··· DATASET ENTRIES
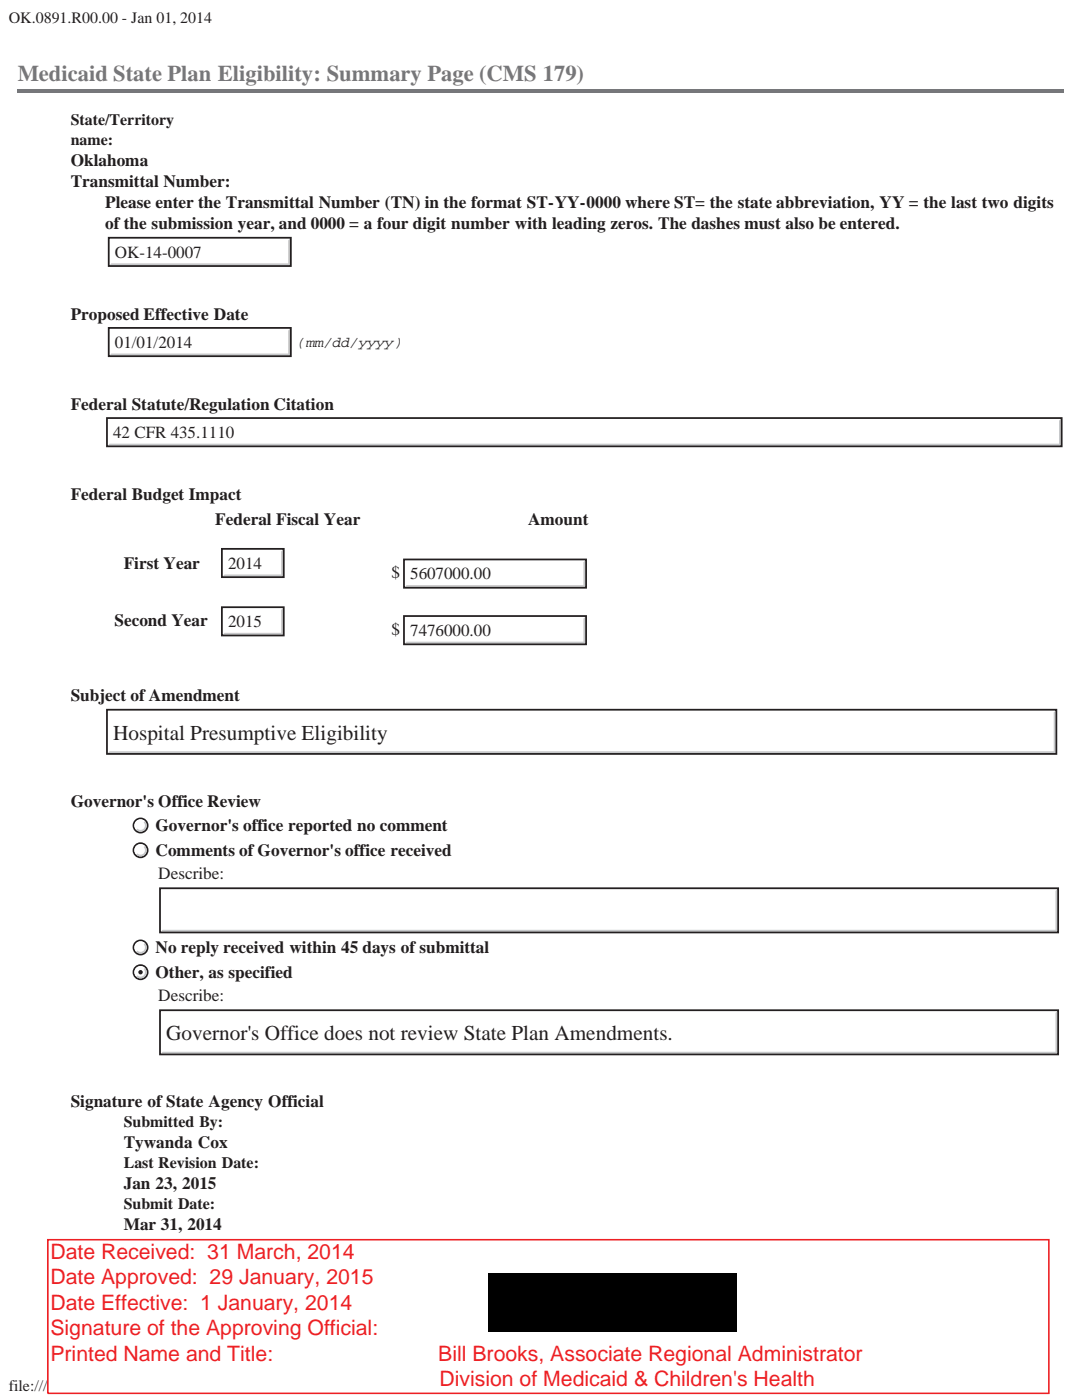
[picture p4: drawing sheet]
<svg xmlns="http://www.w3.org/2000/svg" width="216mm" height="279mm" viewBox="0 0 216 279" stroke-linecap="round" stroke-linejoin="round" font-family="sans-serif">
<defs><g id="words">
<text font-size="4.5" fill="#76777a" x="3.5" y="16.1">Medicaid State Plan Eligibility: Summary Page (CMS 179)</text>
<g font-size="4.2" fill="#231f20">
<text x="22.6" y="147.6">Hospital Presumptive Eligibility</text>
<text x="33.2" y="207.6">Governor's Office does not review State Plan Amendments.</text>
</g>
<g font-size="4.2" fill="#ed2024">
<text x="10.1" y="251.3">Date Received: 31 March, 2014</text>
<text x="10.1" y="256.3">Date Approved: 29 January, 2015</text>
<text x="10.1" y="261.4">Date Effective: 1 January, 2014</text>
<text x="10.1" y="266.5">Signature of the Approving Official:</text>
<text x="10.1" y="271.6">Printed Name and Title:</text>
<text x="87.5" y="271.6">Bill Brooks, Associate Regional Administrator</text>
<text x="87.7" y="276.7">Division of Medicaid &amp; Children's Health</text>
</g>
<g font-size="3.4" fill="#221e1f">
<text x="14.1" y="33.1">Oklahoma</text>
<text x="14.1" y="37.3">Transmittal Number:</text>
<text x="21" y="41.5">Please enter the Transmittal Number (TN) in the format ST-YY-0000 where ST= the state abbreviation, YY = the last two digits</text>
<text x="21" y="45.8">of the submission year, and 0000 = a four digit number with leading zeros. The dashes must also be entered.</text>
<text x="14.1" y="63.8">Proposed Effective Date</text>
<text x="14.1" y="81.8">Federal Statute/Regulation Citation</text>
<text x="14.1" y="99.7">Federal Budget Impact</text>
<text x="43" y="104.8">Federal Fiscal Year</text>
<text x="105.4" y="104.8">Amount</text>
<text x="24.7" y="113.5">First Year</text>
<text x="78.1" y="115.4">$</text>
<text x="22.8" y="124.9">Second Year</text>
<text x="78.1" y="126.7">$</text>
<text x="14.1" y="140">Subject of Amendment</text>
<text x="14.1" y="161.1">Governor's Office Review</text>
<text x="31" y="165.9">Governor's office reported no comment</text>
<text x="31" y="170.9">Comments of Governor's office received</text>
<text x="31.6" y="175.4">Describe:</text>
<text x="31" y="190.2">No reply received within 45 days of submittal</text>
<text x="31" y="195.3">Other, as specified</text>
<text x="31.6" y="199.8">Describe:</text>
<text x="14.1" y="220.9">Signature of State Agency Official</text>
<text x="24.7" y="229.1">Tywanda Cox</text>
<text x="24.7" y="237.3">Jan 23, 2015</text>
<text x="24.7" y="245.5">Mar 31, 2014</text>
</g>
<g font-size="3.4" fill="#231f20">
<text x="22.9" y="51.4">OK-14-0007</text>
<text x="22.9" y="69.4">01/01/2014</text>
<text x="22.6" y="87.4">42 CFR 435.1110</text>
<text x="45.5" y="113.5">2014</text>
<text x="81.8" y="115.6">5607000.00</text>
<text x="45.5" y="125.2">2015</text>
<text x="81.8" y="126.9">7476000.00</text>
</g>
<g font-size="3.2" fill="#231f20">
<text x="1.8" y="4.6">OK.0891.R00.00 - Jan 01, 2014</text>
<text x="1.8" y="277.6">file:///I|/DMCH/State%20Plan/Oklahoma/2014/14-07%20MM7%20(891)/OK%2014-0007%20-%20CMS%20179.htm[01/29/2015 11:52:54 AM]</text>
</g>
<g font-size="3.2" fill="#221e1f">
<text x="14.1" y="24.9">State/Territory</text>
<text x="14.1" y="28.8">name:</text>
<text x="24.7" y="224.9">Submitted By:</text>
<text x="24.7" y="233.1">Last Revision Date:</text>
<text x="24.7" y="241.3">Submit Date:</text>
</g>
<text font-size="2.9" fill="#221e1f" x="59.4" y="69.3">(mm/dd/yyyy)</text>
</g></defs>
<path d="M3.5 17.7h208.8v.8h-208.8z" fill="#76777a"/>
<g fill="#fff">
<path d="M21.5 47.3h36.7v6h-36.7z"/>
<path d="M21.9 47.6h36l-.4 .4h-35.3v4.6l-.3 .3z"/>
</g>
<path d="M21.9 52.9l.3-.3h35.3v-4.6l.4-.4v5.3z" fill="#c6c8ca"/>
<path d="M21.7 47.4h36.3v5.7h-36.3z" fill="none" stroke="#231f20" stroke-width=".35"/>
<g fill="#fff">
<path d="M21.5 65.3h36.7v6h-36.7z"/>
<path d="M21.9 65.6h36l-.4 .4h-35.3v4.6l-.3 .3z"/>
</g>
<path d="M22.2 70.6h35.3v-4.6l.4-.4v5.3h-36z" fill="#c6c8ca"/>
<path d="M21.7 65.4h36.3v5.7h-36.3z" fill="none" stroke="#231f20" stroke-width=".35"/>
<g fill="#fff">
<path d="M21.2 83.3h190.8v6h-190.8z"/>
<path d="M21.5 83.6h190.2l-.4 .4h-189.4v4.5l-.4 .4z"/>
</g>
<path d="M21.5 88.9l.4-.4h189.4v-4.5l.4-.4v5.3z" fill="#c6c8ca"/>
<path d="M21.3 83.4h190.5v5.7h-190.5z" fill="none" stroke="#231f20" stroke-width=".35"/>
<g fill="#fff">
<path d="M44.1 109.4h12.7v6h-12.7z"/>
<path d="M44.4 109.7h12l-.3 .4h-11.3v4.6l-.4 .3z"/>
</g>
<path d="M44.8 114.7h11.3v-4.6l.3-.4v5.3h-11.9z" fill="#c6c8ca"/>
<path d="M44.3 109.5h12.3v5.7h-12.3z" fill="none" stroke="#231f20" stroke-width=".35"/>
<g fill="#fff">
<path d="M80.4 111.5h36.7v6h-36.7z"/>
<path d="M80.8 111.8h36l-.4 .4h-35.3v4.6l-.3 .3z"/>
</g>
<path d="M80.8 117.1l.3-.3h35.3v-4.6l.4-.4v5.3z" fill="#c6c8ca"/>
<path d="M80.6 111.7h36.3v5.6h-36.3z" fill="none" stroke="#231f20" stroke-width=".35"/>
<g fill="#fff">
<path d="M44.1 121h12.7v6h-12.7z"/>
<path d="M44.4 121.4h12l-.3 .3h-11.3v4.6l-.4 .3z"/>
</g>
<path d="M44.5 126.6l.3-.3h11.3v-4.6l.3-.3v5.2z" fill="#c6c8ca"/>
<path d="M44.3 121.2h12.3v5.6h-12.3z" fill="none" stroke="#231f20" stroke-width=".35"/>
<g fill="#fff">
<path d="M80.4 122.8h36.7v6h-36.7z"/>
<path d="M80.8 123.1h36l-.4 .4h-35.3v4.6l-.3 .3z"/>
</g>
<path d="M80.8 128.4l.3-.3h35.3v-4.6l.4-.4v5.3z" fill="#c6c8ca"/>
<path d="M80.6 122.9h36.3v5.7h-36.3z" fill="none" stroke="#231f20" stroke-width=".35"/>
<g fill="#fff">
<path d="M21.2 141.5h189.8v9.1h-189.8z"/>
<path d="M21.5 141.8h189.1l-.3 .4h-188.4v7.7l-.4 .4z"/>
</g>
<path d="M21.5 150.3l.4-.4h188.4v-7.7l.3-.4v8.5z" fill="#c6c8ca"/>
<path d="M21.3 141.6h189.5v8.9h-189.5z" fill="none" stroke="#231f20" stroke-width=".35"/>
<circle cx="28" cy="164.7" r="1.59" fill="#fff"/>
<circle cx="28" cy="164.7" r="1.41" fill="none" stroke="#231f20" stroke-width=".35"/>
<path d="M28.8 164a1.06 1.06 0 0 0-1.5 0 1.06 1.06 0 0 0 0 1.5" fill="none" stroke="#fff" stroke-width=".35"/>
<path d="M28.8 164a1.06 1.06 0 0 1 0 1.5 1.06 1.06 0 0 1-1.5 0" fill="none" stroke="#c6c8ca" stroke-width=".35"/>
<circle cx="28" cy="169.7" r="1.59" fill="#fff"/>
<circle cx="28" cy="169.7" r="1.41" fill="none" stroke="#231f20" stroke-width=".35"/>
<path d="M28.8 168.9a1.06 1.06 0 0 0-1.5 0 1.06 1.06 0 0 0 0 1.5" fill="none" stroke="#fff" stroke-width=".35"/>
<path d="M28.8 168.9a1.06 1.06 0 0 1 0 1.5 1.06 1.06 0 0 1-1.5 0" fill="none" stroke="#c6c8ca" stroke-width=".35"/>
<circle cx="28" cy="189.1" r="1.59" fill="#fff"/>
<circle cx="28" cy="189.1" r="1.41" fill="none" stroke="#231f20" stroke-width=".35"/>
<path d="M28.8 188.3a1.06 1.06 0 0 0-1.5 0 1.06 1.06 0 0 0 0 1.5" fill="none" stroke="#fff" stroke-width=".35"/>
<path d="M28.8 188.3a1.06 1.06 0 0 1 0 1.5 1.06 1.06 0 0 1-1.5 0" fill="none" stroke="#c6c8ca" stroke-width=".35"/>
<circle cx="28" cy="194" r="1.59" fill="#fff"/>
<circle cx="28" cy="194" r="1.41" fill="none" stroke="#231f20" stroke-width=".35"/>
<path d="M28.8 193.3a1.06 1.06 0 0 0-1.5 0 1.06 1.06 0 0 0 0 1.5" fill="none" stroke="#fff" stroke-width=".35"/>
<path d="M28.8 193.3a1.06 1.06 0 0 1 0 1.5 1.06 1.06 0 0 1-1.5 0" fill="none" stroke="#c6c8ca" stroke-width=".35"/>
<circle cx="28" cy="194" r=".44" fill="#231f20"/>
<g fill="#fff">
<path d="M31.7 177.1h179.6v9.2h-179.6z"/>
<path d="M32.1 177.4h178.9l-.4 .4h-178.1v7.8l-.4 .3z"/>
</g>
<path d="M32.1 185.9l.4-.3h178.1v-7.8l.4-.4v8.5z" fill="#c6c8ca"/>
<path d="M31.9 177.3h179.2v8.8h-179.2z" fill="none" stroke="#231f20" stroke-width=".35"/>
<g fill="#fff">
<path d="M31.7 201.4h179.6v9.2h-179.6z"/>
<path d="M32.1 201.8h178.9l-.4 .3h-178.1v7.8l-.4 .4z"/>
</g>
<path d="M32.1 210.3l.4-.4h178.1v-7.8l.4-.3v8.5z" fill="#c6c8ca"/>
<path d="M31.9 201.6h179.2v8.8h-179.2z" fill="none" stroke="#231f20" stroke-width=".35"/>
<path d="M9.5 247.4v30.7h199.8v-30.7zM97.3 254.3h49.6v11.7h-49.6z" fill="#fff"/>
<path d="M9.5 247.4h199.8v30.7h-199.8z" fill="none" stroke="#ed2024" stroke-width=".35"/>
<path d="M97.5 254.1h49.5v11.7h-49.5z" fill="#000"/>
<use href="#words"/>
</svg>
······
■ WHAT NEEDS TO BE DONE
Report each line in the preceding entries that holds the string "circle".

■ TASK RESULT
<circle cx="28" cy="164.7" r="1.59" fill="#fff"/>
<circle cx="28" cy="164.7" r="1.41" fill="none" stroke="#231f20" stroke-width=".35"/>
<circle cx="28" cy="169.7" r="1.59" fill="#fff"/>
<circle cx="28" cy="169.7" r="1.41" fill="none" stroke="#231f20" stroke-width=".35"/>
<circle cx="28" cy="189.1" r="1.59" fill="#fff"/>
<circle cx="28" cy="189.1" r="1.41" fill="none" stroke="#231f20" stroke-width=".35"/>
<circle cx="28" cy="194" r="1.59" fill="#fff"/>
<circle cx="28" cy="194" r="1.41" fill="none" stroke="#231f20" stroke-width=".35"/>
<circle cx="28" cy="194" r=".44" fill="#231f20"/>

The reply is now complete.